■ Task prompt:
Retype the lines below exactly, from the one that contains "Please locate the" through the last, and leave every picture out.

Records from a data source
►

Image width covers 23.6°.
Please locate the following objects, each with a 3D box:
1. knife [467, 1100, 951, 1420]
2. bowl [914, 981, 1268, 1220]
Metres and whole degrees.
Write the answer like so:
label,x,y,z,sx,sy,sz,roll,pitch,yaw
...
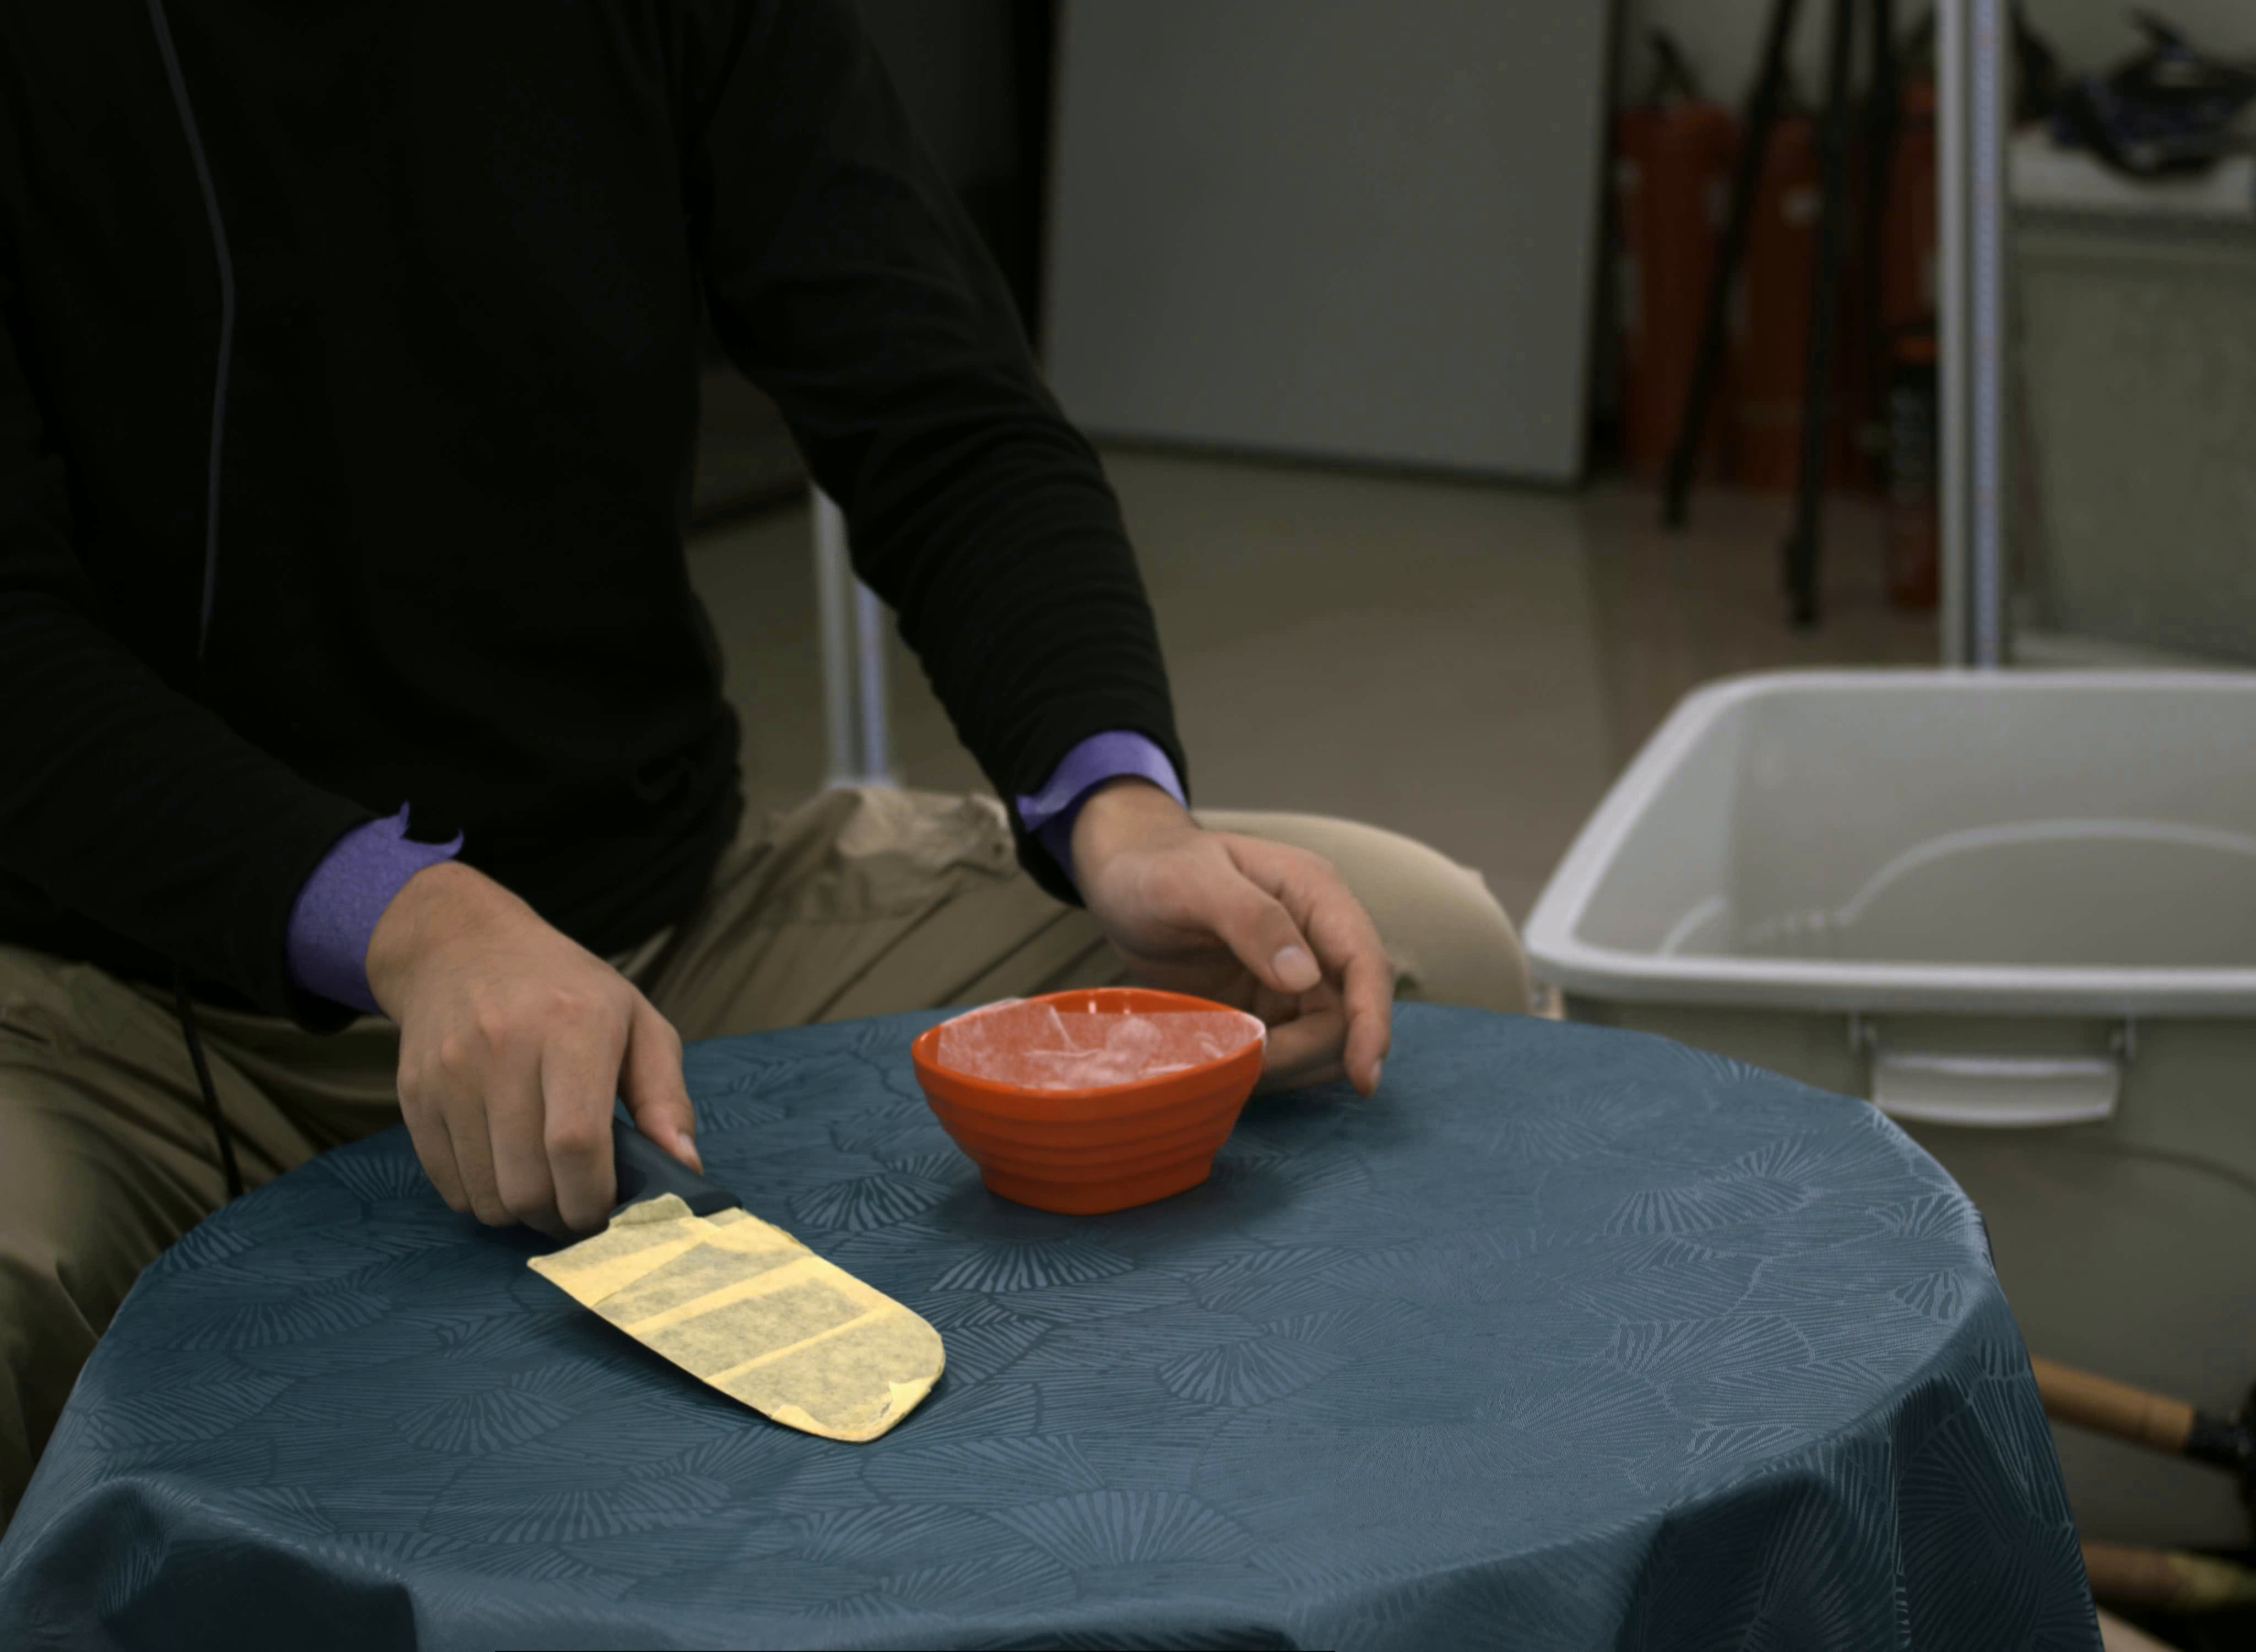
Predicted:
label,x,y,z,sx,sy,sz,roll,pitch,yaw
knife,-0.143,0.136,1.688,0.079,0.027,0.293,-16,22,-29
bowl,-0.011,0.093,1.782,0.117,0.052,0.119,-5,16,0

◄

■ Solved problem:
Please locate the following objects, each with a 3D box:
1. knife [467, 1100, 951, 1420]
2. bowl [914, 981, 1268, 1220]
Metres and whole degrees.
Write the answer like so:
label,x,y,z,sx,sy,sz,roll,pitch,yaw
...
Predicted:
label,x,y,z,sx,sy,sz,roll,pitch,yaw
knife,-0.143,0.136,1.688,0.079,0.027,0.293,-16,22,-29
bowl,-0.011,0.093,1.782,0.117,0.052,0.119,-5,16,0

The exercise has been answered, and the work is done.